NASA will launch five rockets in five minutes between March 14 and April 3 to study high-speed winds 65 miles (105 kilometers) above the Earth's surface. People along the Eastern Seaboard from North Carolina to New York will be able to see the rockets launched from Virginia's Wallops Flight Facility head towards the upper atmosphere.
The five rockets will collect information about the high-altitude jet stream, an area of high-speed winds commonly referred in weather forecasts, according to a NASA statement. Winds in the high-altitude jet stream typically reach 300 mph (480 km/h).
NASA will use five sounding rockets, rockets specifically made for sub-orbital research, to study the high-altitude jet stream. Two of the rockets will measure the atmospheric pressure and temperature of the jet stream.
Once in the jet stream, all five rockets will release a chemical that forms milky, white clouds called tracers. The tracer clouds will allow NASA researchers to see the winds. People from South Carolina to New England will be able to see the clouds as well.

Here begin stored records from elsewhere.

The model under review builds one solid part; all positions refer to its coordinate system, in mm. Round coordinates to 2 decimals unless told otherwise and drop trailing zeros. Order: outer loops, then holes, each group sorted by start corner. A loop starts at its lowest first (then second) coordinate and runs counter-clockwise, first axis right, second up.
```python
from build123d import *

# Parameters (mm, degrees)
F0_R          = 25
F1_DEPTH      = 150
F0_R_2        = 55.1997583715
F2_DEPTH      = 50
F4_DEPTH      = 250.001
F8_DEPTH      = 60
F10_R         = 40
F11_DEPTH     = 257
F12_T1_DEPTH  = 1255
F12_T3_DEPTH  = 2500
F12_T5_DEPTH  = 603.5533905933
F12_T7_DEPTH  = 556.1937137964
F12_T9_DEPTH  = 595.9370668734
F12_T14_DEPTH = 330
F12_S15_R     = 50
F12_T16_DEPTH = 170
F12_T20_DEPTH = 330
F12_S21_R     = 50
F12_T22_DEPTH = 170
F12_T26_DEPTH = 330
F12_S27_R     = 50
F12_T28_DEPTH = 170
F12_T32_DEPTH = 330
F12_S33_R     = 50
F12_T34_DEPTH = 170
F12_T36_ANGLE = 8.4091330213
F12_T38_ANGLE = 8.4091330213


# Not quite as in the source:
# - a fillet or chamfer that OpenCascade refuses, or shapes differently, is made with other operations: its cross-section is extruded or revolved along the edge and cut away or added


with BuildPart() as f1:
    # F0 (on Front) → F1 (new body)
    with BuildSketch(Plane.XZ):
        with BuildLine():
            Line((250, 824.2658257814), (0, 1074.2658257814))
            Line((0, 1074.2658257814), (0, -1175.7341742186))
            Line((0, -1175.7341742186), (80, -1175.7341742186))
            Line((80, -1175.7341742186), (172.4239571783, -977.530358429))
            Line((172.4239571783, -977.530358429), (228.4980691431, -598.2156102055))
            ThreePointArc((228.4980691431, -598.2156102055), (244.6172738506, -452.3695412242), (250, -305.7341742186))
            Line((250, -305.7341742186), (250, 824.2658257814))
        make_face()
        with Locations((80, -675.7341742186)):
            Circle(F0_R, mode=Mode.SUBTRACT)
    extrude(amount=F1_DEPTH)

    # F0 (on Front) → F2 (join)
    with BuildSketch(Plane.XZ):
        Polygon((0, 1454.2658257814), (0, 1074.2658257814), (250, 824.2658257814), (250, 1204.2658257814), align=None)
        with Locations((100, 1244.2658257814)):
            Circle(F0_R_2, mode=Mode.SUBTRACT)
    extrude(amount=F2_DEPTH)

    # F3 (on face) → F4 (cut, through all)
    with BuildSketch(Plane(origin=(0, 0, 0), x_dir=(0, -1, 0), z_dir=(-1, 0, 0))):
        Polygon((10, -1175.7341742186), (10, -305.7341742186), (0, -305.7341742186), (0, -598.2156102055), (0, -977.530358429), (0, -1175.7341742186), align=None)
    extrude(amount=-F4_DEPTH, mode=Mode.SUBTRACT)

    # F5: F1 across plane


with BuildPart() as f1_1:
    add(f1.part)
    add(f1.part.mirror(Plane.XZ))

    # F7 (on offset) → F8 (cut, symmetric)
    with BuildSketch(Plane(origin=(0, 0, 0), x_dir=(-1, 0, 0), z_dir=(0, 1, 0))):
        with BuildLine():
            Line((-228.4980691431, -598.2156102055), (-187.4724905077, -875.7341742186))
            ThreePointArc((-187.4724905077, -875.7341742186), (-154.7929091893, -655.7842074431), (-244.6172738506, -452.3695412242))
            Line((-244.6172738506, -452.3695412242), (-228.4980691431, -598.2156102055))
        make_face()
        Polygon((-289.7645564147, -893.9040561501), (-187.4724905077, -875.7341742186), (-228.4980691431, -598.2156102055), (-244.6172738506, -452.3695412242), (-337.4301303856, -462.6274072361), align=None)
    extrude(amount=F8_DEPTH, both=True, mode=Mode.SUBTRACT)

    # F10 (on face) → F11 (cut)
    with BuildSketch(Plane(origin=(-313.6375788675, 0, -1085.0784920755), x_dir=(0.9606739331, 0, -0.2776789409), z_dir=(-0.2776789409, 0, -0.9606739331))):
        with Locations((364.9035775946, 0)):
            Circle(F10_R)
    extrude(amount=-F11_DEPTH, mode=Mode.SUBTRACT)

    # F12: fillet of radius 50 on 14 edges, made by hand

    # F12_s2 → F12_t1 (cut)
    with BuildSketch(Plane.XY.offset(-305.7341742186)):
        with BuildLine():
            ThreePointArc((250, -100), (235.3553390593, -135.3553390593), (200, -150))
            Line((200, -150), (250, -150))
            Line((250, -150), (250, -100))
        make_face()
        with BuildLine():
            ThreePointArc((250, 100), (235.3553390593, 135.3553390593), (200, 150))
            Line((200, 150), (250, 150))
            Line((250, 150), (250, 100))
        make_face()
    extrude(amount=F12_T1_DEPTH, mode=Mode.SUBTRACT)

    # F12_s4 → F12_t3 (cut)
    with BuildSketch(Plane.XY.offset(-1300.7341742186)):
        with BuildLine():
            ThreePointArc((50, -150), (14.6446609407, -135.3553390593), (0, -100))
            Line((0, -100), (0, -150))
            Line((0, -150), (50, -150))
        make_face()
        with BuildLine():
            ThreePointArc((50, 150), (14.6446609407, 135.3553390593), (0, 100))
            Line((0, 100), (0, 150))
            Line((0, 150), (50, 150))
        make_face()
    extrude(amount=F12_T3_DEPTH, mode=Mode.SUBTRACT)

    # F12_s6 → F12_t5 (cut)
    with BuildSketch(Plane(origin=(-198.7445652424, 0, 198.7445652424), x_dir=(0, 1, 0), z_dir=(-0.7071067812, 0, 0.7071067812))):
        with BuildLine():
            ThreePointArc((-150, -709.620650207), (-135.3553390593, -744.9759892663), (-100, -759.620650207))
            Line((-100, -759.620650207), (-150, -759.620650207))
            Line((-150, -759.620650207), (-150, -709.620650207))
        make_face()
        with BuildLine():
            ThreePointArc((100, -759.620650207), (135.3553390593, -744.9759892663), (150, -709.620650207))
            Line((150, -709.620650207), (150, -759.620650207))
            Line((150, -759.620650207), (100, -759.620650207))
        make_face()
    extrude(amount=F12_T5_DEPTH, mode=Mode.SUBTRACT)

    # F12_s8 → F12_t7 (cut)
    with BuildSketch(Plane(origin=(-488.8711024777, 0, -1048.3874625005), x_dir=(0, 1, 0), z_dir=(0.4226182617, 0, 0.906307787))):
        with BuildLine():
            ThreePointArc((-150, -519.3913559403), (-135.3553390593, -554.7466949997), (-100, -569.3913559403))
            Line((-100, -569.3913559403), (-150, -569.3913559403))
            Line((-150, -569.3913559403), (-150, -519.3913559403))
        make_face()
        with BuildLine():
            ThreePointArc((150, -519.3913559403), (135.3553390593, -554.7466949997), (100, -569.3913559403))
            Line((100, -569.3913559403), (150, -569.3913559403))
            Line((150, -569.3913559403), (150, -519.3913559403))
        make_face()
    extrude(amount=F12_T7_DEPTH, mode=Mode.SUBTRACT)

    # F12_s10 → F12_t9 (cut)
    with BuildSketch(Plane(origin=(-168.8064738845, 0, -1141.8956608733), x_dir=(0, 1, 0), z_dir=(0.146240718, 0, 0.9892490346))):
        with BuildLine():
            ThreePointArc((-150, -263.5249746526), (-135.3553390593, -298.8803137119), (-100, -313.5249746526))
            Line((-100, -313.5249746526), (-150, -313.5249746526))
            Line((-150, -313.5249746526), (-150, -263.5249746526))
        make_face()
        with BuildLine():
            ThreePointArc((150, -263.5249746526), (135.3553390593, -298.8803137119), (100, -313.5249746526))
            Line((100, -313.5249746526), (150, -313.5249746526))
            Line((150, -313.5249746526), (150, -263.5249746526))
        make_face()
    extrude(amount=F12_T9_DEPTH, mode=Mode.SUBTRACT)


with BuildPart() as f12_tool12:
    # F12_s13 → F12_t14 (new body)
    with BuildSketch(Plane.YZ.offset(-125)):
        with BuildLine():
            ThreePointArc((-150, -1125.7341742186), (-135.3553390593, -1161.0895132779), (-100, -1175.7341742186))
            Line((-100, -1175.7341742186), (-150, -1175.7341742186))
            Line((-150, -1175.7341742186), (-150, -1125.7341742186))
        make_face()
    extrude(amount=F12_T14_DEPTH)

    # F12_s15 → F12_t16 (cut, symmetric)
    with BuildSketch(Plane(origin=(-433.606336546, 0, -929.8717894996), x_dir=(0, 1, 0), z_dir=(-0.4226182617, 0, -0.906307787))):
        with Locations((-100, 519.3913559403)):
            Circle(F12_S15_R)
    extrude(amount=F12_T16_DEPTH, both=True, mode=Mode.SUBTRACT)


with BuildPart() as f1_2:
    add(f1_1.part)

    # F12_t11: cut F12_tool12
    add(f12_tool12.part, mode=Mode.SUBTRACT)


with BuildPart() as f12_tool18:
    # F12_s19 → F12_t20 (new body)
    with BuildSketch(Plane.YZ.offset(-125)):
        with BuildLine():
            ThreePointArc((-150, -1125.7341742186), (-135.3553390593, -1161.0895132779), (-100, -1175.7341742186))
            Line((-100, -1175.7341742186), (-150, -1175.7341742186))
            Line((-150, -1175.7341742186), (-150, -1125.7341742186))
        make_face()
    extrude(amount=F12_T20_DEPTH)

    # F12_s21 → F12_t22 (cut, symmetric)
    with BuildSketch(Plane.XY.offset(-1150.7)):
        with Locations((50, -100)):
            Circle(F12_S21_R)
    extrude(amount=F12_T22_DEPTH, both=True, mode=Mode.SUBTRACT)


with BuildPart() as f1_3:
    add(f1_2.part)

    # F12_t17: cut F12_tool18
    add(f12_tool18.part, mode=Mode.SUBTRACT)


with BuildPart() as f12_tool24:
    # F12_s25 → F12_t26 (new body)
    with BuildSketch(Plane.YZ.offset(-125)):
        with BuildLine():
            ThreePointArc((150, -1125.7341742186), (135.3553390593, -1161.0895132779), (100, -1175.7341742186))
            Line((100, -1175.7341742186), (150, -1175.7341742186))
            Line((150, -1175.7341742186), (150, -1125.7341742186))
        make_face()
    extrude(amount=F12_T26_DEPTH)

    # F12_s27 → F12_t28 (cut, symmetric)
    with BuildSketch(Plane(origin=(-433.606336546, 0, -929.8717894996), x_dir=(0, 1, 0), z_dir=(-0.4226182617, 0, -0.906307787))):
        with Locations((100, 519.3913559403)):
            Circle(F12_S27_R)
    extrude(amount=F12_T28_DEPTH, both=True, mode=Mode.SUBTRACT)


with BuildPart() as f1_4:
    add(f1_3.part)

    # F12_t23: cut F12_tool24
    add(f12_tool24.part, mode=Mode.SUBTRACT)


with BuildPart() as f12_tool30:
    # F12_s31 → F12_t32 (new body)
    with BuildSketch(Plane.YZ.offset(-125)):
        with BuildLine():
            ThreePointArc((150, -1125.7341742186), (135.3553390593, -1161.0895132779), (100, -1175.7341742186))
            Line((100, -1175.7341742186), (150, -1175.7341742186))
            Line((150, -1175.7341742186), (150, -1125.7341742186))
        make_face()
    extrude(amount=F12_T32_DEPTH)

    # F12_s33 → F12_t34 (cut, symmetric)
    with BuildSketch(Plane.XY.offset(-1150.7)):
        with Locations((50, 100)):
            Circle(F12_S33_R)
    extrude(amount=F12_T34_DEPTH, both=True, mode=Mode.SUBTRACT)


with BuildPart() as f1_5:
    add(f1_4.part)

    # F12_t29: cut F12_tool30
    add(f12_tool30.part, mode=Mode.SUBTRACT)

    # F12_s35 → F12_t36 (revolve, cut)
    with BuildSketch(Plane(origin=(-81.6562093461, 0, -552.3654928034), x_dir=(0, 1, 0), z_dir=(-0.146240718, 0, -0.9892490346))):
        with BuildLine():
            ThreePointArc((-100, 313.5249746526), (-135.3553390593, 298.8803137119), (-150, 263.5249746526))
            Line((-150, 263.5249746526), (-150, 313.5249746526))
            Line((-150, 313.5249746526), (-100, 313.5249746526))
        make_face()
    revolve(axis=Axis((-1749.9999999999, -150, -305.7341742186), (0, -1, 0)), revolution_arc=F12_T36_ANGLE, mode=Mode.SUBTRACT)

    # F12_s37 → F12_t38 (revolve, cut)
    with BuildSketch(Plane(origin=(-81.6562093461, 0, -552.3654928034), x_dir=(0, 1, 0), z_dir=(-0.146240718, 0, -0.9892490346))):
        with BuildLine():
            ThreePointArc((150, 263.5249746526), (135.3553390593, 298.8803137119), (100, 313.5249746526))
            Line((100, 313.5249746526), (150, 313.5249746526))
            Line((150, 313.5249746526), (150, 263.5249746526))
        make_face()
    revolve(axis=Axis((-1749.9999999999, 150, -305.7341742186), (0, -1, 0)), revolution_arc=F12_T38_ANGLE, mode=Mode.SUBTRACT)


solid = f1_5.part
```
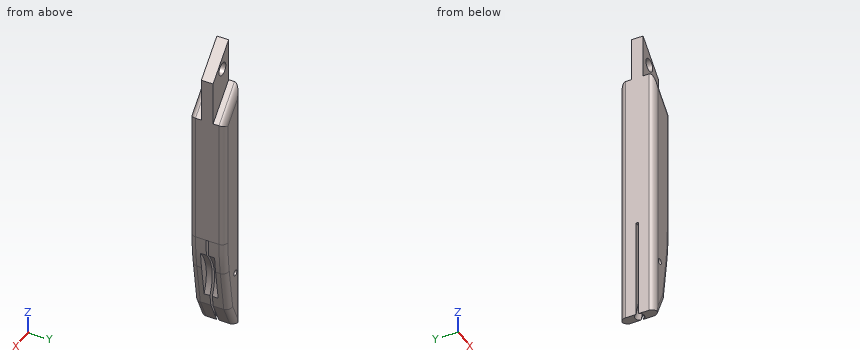
(1) Consider section A-A (z = 148.5). Write out the cut boundary in (x, y).
Data:
outline: (0, -100) arc R50 ccw to (50, -150) - (200, -150) arc R50 ccw to (250, -100) - (250, 100) arc R50 ccw to (200, 150) - (50, 150) arc R50 ccw to (0, 100) - close
(2) Insertion check: pin 1 (1.5 mm diameter, centred on x = 92.5, y = -94, fed in from -Z); pin 2 (1.5 mm diameter, centred on y = -117.5, z = -587.5, fed in from +X); pin 3 (6 mm diameter, centred on x = 110, y = 32.5, fed in from +Z). Each pin has a flat end and moves straight along its axis. Give the tip position at first contact, or say it passes through.
Data:
pin 1: stops at z = -1150.54
pin 2: stops at x = 227.15
pin 3: stops at z = 1347.27
(3) Consider section B-B (z = 1138). Write out the cut boundary in (x, y), and give its area (3 significant figures).
Data:
outline: (0, -50) - (250, -50) - (250, 50) - (0, 50) - close
area: 25,000 mm2
(4) To check wall thickness, follow probe 1 along Y at (x, z) = (188.5, -522.5); probe 2 along Z at (x, y) = (98.5, 66.5); probe 3 along Y at (x, z) = (143.5, -918). State the ranges of each line that lie inside material, in increasing order.
Data:
probe 1: y = -150 to -10, 10 to 150
probe 2: z = -1136.06 to -692.55, -658.92 to 975.77
probe 3: y = -148.37 to -10, 10 to 148.37

The tracer clouds will be visible for 20 minutes after the rockets are launched.
The high-altitude jet stream is found in the same area is the ionosphere, a part of the atmosphere where strong electrical currents occur. Electrical currents in the ionosphere can disrupt satellite and radio communications and GPS signals.
NASA conducted a similar experiment in 2009 when the organization launched six rockets from Poker Flat Research Range in Alaska to study the ionosphere. The clouds created by the rockets pretty much filled up a big part of the sky, Gerald Lehmacher, the lead researcher for the experiment, said in a 2009 press release.